By the end of the Creative Writing MFA program, all students should be able to:
- If they are fiction writers: write and revise original fiction that has a compelling and original voice; interesting, well-developed characters; a clear narrative arc; and emotional resonance. It should reflect an awareness of previous and current achievement in fiction.
- If they are poets: write and revise original poetry that uses language, image, voice, and form in interesting ways that reflect an awareness of previous and current poetic achievement.
- Provide constructive, insightful, and helpful criticism of their peers’ original fiction or poetry.
- Closely read and critique literature with a particular eye for the way(s) in which their own creative work can benefit from the work of writers before them.
- Effectively teach creative writing and literature at the high school and/or college level.
- Demonstrate an understanding (through the world language requirement, including the option of taking Translation Seminar) of the resources available to their own creative work in the literatures of other countries.
- Through Global Fellowship travel, explore and reflect upon the cultural, historical, geographical, and linguistic landscapes of a country of their choice outside of the United States for up to three months.
The MFA is an eight-course, 32-credit degree, including four workshops, four graduate literature courses, and completion of a world language requirement.
At least four of the courses taken must be workshops the genre in which the student is admitted (either fiction or poetry). The four remaining courses are normally graduate-level literature courses, some of which may be completed during the BU summer session(s). Students must receive a grade of at least B– in these courses.
It is possible to take a course (or courses) in a subject or discipline other than literature, provided that these are demonstrably essential to the student’s creative work, and show a strong emphasis in reading literary, as distinct from purely scholarly or academic, texts. Such courses are subject to the approval of the program director.
Each student who has not previously completed at least two college courses of intermediate study in a non-English world language or is not already multilingual may fulfill the language requirement in one of the following ways:
- Satisfactory completion of CAS TL 540 (the Translation Seminar) (it should be noted that proficiency in a second language is listed as a prerequisite for the course) and its corequisite CAS TL 542 (Literary Translation).
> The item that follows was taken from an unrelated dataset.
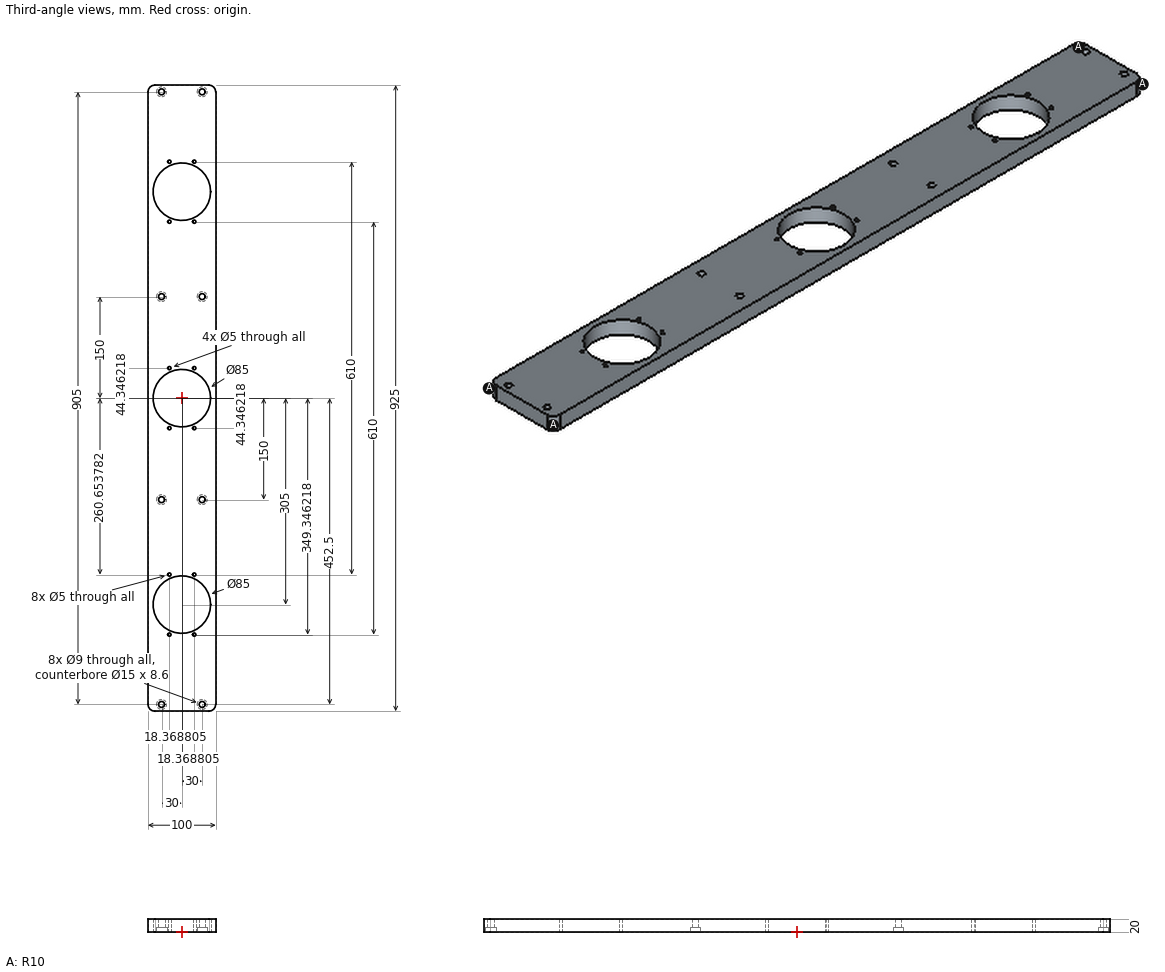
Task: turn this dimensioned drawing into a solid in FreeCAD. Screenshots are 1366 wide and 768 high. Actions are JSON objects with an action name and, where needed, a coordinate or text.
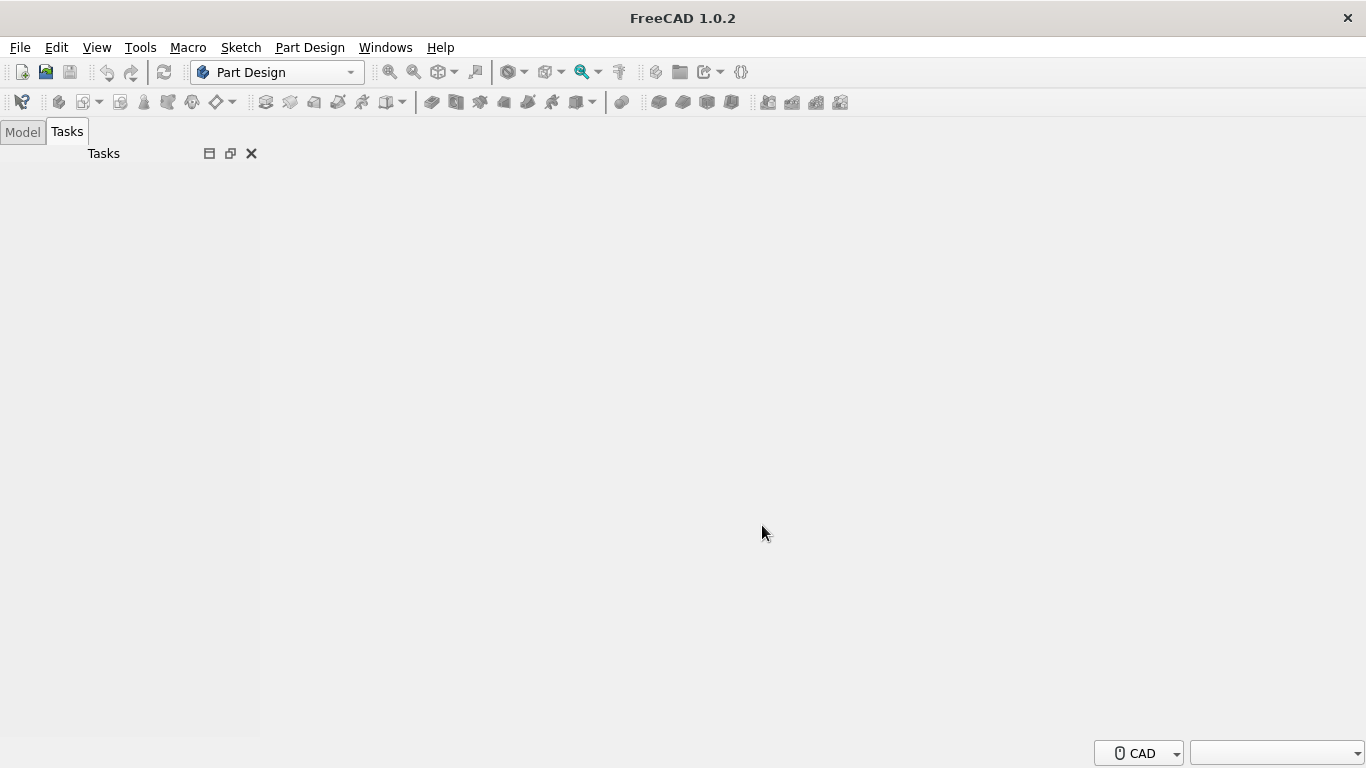
{"action": "key", "text": "ctrl+n"}
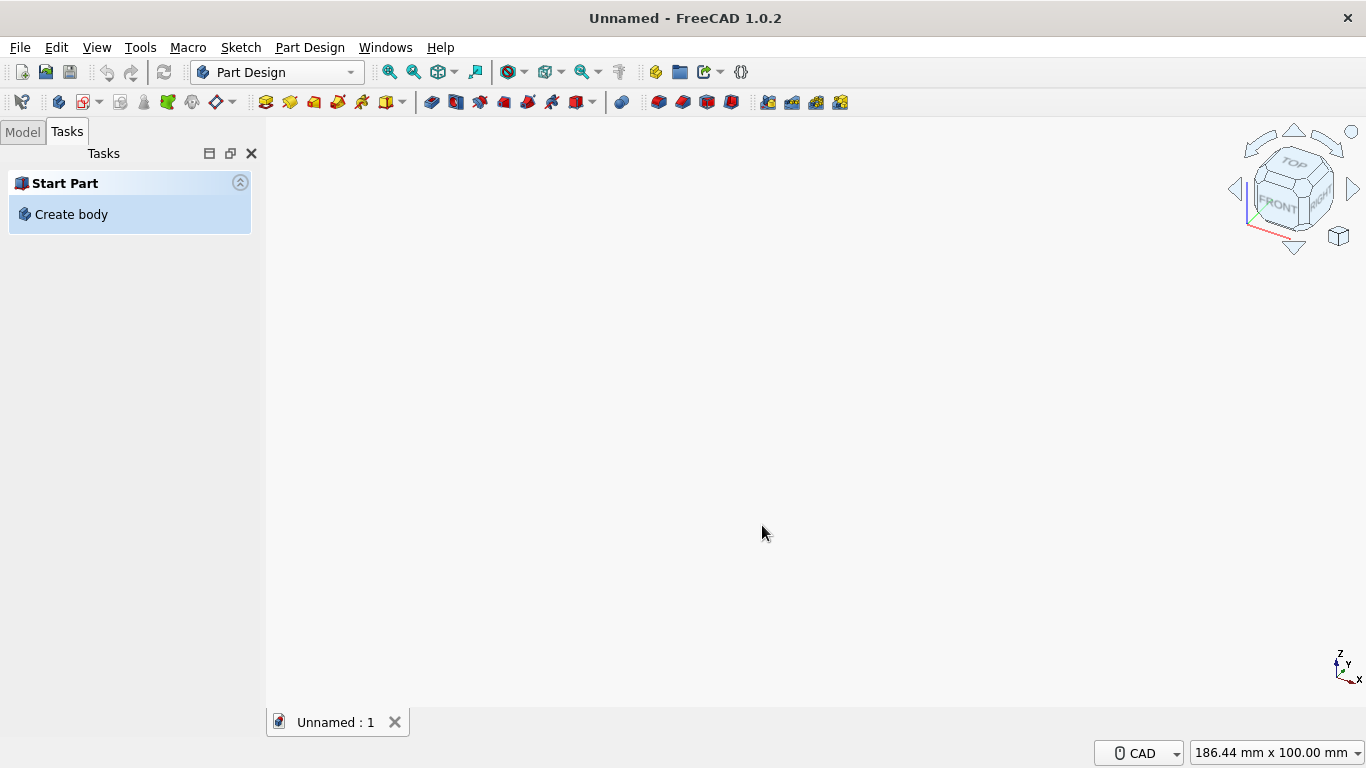
{"action": "left_click", "coordinate": [84, 102]}

Students who choose this option may first wish to consult the Translation Seminar instructor; they must also choose a mentor from the language department for the source language from which they are working.
- Satisfactory completion of a BU course in a non-English world language, usually taught in that language (for example, CAS LF 350 Introduction to French Texts), or a 500-level reading course in a world language (texts and instruction usually in that language), subject to approval by the Creative Writing Program Director.
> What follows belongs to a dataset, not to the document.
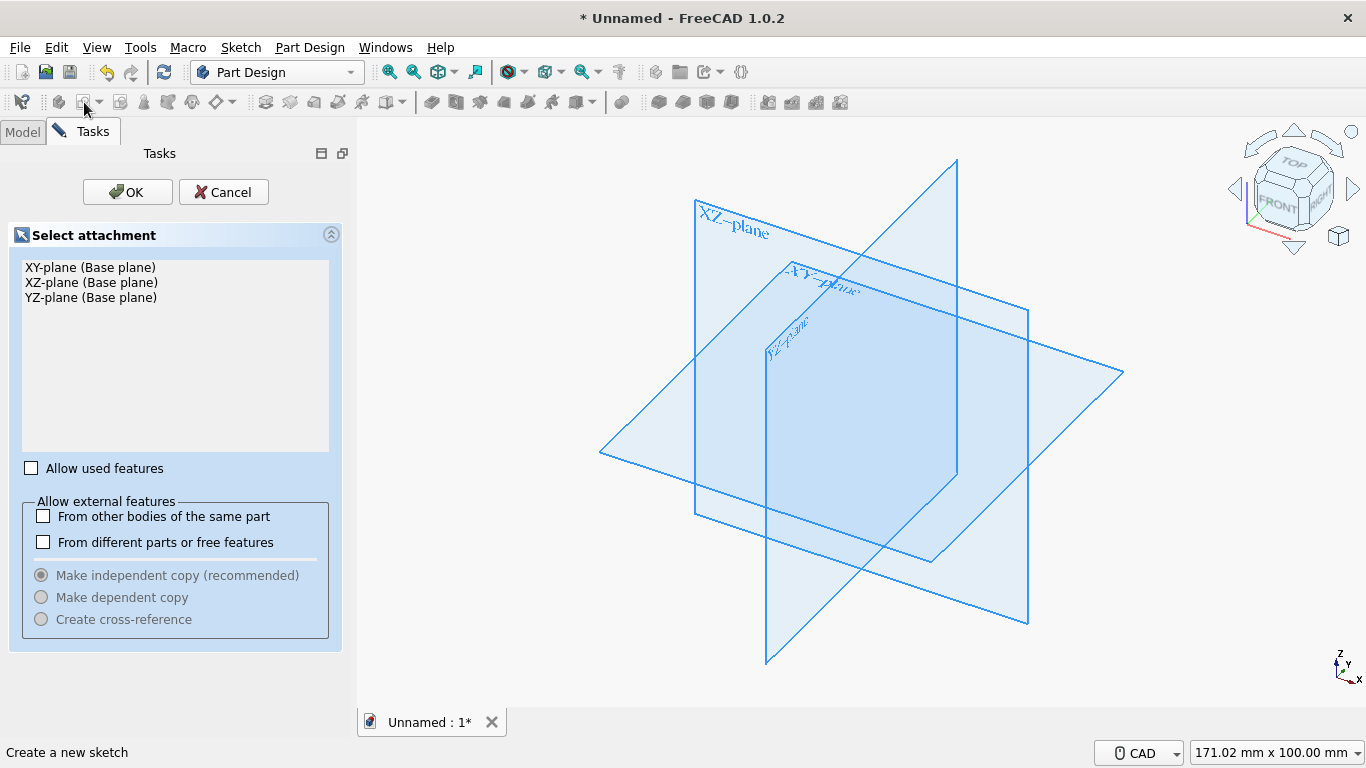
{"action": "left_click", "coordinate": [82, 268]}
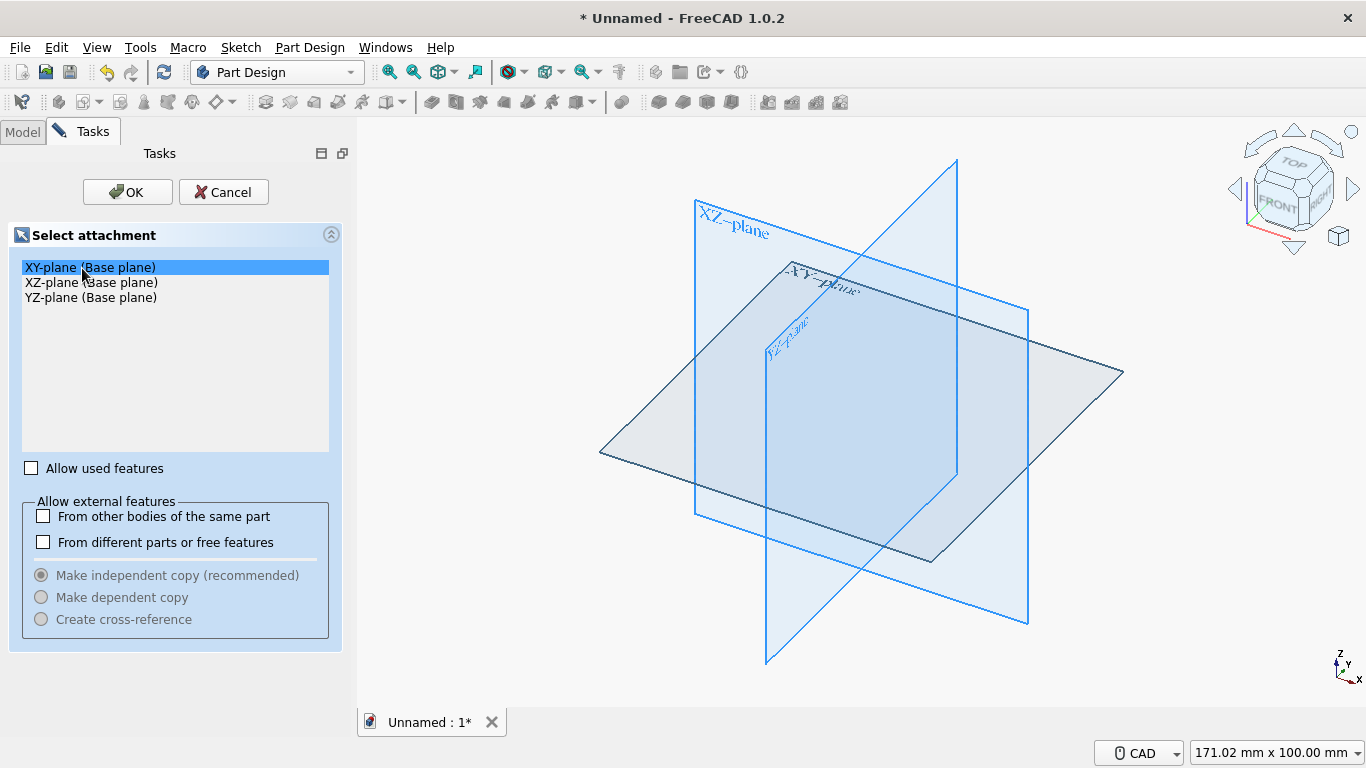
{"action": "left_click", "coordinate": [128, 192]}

- Passing GRS LF 621 Reading French, GRS LG 621 Reading German, GRS LI 621 Reading Italian, or GRS LS 621 Reading Spanish. These reading knowledge-only courses are offered Pass/Fail for no academic credit, and enrollment is limited.
- Passing a Translation Exam proctored by a Creative Writing Department administrator or faculty member and graded by an expert in the language being translated.
Completion of a substantial master’s thesis in fiction or poetry is required for all students. The thesis should consist of a minimum of 95 pages of prose or 35 pages of poetry and must be read and signed by two members of Boston University faculty.